52 U.S. Code §20511. Criminal penalties. A person, including an election official, who in any election for Federal office— (1) knowingly and willfully intimidates, threatens, or coerces, or attempts to intimidate, threaten, or coerce, any person for— (A) registering to vote, or voting, or attempting to register or vote; (B) urging or aiding any person to register to vote, to vote, or to attempt to register or vote; or (C) exercising any right under this chapter; or (2) knowingly and willfully deprives, defrauds, or attempts to deprive or defraud the residents of a State of a fair and impartially conducted election process, by— (A) the procurement or submission of voter registration applications that are known by the person to be materially false, fictitious, or fraudulent under the laws of the State in which the election is held; or (B) the procurement, casting, or tabulation of ballots that are known by the person to be materially false, fictitious, or fraudulent under the laws of the State in which the election is held, shall be fined in accordance with title 18 (which fines shall be paid into the general fund of the Treasury, miscellaneous receipts (pursuant to section 3302 of title 31), notwithstanding any other law), or imprisoned not more than 5 years, or both.

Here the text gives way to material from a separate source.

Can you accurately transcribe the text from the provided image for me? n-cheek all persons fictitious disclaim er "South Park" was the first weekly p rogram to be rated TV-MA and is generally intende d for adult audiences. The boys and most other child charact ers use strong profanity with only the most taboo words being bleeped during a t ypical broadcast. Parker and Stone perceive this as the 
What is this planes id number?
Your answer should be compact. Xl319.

Secretary Kohler concluded his memo by writing, “Our democracy rests on the consent of the citizens of the United States to the rule of their government as expressed at free and fair elections. Connecticut and federal law have strong protections for the fundamental right of Connecticut citizens to freely make their voices heard in our elections, and as election officials, it is our duty to ensure that those votes are able to be cast without fear of intimidation or artificial, extralegal barriers. Every eligible voter in Connecticut must be able to exercise their fundamental right to vote. Thank you for your commitment to this ideal.”

The Secretary of the State is Connecticut’s Chief Election Official and is charged with interpreting Connecticut General Statutes Title 9, Connecticut’s election laws.

The Office of the Attorney General is the state’s chief civil law enforcement officer and represents the Office of the Secretary of the State. The Office of the Attorney General successfully defended the constitutionality of the state’s measures to protect voters during an unprecedented pandemic.

The Office of the Chief State's Attorney is responsible for the statewide administrative functions of the Division of Criminal Justice, which is in charge of the investigation and prosecution of all criminal matters. The Office of the Chief State's Attorney includes specialized units for the investigation and prosecution of certain criminal matters and for representing the state in appellate and other legal matters.